DIRECTIONS = Skip pictures in the listing below; copy exactly the lines from the one with "2) car <box>266,195,352,228</box>" through the one with "1. car (301, 191, 383, 255)", inclusive.
/---
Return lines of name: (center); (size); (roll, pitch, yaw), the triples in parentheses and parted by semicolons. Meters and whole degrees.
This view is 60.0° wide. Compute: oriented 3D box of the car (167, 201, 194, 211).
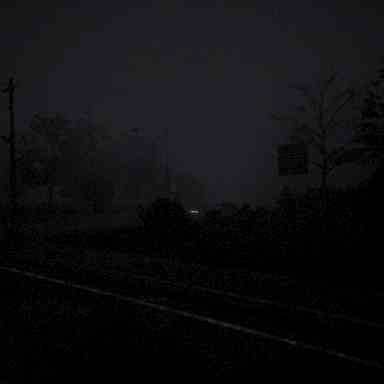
car: (-1.711, 2.277, 53.289); (1.837, 1.490, 4.892); (-2, -2, 32)

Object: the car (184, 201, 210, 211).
car: (1.050, 2.212, 51.107); (1.994, 1.385, 4.181); (-2, -2, 32)

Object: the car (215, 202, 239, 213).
car: (4.589, 1.940, 43.455); (1.994, 1.385, 4.181); (-2, -2, 32)
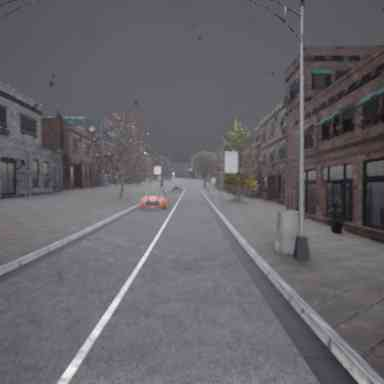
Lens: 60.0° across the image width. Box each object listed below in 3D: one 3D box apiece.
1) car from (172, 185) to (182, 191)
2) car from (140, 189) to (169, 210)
[{"bbox_3d":[-3.207,-0.836,70.403,1.994,1.385,4.181,0,2,0],"label":"car"},{"bbox_3d":[-3.170,0.559,28.852,2.097,1.767,4.553,0,2,0],"label":"car"}]
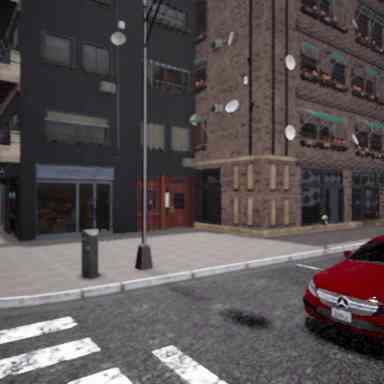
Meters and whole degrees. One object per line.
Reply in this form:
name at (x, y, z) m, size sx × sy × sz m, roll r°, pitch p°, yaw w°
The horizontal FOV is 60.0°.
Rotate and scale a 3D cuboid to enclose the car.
car at (4.077, 1.559, 6.251) m, size 4.674 × 1.442 × 1.812 m, roll 0°, pitch 0°, yaw -36°
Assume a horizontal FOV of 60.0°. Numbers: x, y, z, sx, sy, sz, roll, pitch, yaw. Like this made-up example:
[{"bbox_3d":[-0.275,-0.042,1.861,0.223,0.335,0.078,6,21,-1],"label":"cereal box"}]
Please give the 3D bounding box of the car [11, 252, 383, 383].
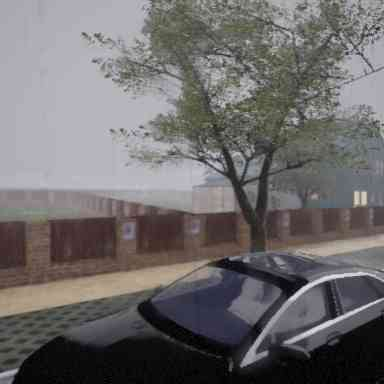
[{"bbox_3d":[0.746,1.501,3.596,4.902,1.511,2.128,0,0,-35],"label":"car"}]
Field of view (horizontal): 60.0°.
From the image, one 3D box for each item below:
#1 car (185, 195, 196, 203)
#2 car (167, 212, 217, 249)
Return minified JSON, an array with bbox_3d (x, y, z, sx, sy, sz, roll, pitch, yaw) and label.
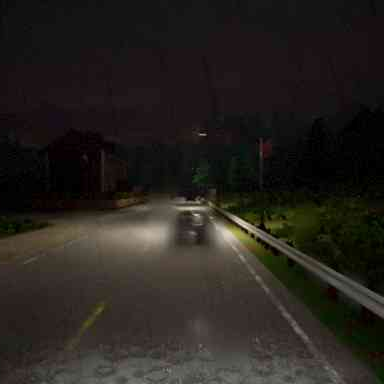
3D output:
[{"bbox_3d":[-0.310,1.425,68.395,1.837,1.490,4.892,0,0,0],"label":"car"},{"bbox_3d":[0.011,1.554,14.416,1.994,1.385,4.181,0,0,0],"label":"car"}]
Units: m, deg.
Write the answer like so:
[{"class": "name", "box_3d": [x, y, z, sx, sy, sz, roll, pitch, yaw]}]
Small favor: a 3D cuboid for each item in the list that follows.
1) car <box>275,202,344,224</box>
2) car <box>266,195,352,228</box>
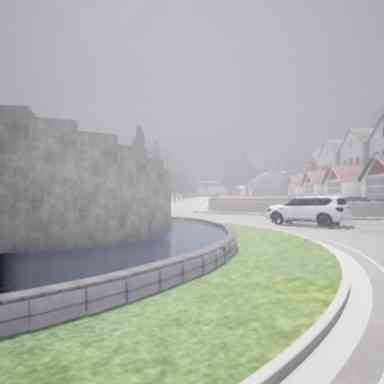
[{"class": "car", "box_3d": [9.250, 1.568, 26.546, 1.837, 1.490, 4.892, -2, 1, -44]}, {"class": "car", "box_3d": [7.896, 1.276, 22.811, 5.566, 2.045, 2.150, -1, 0, 42]}]
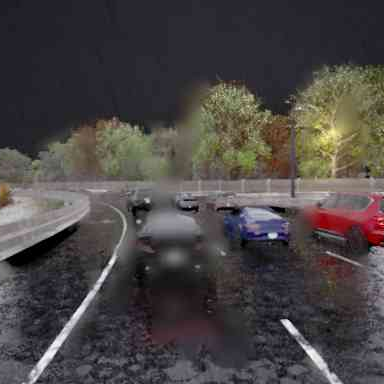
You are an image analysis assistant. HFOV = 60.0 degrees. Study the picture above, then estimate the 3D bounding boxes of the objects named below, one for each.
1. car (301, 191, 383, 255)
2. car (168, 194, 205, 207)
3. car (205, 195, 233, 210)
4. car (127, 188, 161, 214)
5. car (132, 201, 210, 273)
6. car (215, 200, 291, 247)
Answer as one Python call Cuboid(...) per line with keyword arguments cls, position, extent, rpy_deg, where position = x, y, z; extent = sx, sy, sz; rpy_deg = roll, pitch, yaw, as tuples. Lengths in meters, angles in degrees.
Cuboid(cls="car", position=(6.110, 0.971, 12.311), extent=(2.150, 2.045, 5.566), rpy_deg=(0, 1, -7))
Cuboid(cls="car", position=(-0.831, 0.946, 28.520), extent=(2.128, 1.511, 4.902), rpy_deg=(0, 1, -16))
Cuboid(cls="car", position=(2.477, 0.989, 29.628), extent=(1.994, 1.385, 4.181), rpy_deg=(0, 1, -16))
Cuboid(cls="car", position=(-3.913, 0.720, 26.692), extent=(2.150, 2.045, 5.566), rpy_deg=(0, 1, -16))
Cuboid(cls="car", position=(-0.678, 1.284, 10.089), extent=(1.882, 1.535, 5.008), rpy_deg=(0, 1, -6))
Cuboid(cls="car", position=(2.415, 1.260, 13.481), extent=(1.812, 1.442, 4.674), rpy_deg=(0, 1, -8))
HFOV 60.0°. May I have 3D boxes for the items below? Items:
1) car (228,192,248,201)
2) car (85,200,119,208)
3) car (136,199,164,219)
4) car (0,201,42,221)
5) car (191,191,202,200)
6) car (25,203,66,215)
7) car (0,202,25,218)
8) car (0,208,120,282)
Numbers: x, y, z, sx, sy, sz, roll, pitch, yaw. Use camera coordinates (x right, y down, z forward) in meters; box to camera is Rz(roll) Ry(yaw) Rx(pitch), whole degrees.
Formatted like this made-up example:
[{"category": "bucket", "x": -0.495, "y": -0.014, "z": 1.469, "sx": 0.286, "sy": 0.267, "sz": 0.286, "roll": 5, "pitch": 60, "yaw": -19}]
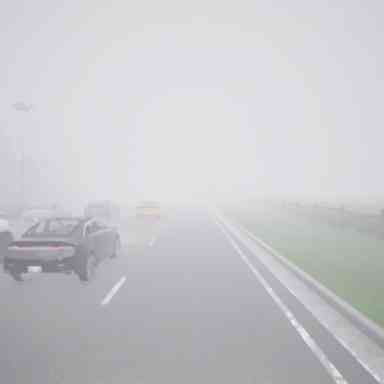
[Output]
\---
RESULT OF THIS TASK =
2) car <box>266,195,352,228</box>
[{"class": "car", "box_3d": [9.250, 1.568, 26.546, 1.837, 1.490, 4.892, -2, 1, -44]}, {"class": "car", "box_3d": [7.896, 1.276, 22.811, 5.566, 2.045, 2.150, -1, 0, 42]}]
You are an image analysis assistant. HFOV = 60.0 degrees. Study the picture above, then estimate the 3D bounding boxes of the objects named below, one for each.
1. car (301, 191, 383, 255)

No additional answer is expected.